Finsterwalde - Unschöne Szenen bei einem Testspiel zwischen zwei Ostrivalen! Die Partie im Brandenburgischen Finsterwalde zwischen Energie Cottbus und dem Halleschen FC musste nach einer rassistischen Entgleisung zweier Halle-Fans beim Stand von 2:0 (1:0) vorzeitig abgebrochen werden.
Vorausgegangen war in einem ab Minute eins aufgeheiztem Spiel ein hartes Foul an der Seitenlinie von Halles Robert Berger, woraufhin Justin Butler vor dem Gästeblock verletzt liegen blieb.
Eine Rudelbildung und Wortgefechte zwischen Energie-Akteuren auf dem Feld und HFC-Anhängern auf den Rängen folgten: Darunter rassistische Äußerungen gegen FCE-Verteidiger King Manu, die er lautstark anprangerte.
FCE-Präsident Sebastian Lemke erklärte später auf dem Platz, dass Manu mit Affenlauten und dem Wortlaut "er solle Bananen fressen gehen" beleidigt wurde.
Schnell marschierte die Polizei auf, riegelte die Spieler vom Block ab und machte die beiden HFC-Fans ausfindig. Nach zwei weiteren Minuten wurden sie vom Sportplatz geleitet.
Währenddessen entschied der Veranstaltungsleiter die Partie vor 3016 Zuschauern aus Sicherheitsgründen abzubrechen. Zu dem Zeitpunkt waren 102 von 120 Minuten gespielt. Daraufhin mussten die HFC-Fans zuerst die Sportanlage verlassen, die Energie-Anhänger mussten zunächst im weiten Rund ausharren.
Die nachfolgenden Schritte sollen vorab in der Sicherheitsberatung beschlossen worden. Nach Angaben von Cottbus-Präsident Lemke war der Entschluss des Spielabbruchs im Vorfeld und als Konsequenz des Rassismus-Skandals in der Vorsaison bei 1860 München gefällt worden.

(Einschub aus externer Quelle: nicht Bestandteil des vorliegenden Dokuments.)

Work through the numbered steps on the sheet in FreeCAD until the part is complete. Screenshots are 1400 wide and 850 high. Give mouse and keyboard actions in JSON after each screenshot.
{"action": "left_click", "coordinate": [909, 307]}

Energie Cottbus gegen den Halleschen FC: Über das Spiel spricht keiner mehr
Die Partie der beiden rivalisierten Vereine hatte im Vorfeld seine Schatten geworfen. Die Veranstalter von SpVgg Finsterwalde und VfB Finsterwalde hatten ein umfassendes Sicherheitskonzept ausgearbeitet.
Neben etwa 160 vereinseigenen Helfern waren auch gut Polizei und Sicherheitskräfte in mittlerer einstelliger Zahl vor Ort.
Auf dem Feld war es ab Minute eins intensiv zugegangen. Schiedsrichter Marcel Riemer ließ bei vielen harten Zweikämpfen eine lange Leine und verpasste es - aus Sicht der Vereine - hier und da Karten zu verteilen.
Darüber machten sich auch die Trainer beider Mannschaften lautstark Gehör. Nach dem harten Foul auf dem Platz und dem Rassismus-Eklat auf den Rängen fand ein stimmungsvoller Nachmittag ein unwürdiges Ende.
Über das Spiel (2:0, Tore: Hannemann (55.) und Wardak (62.)) und die tolle Organisation spricht jetzt keiner mehr.
Stattdessen äußerten sich beide Vereine in einem gemeinsamen Statement: "Das heutige Testspiel zwischen dem FC Energie Cottbus und dem Halleschen FC wurde aufgrund eines rassistischen Vorfalls gegen einen Spieler von Energie Cottbus abgebrochen. Für Rassismus und Diskriminierung gibt es in beiden Vereinen keinen Platz, weder auf dem Spielfeld noch auf den Rängen!"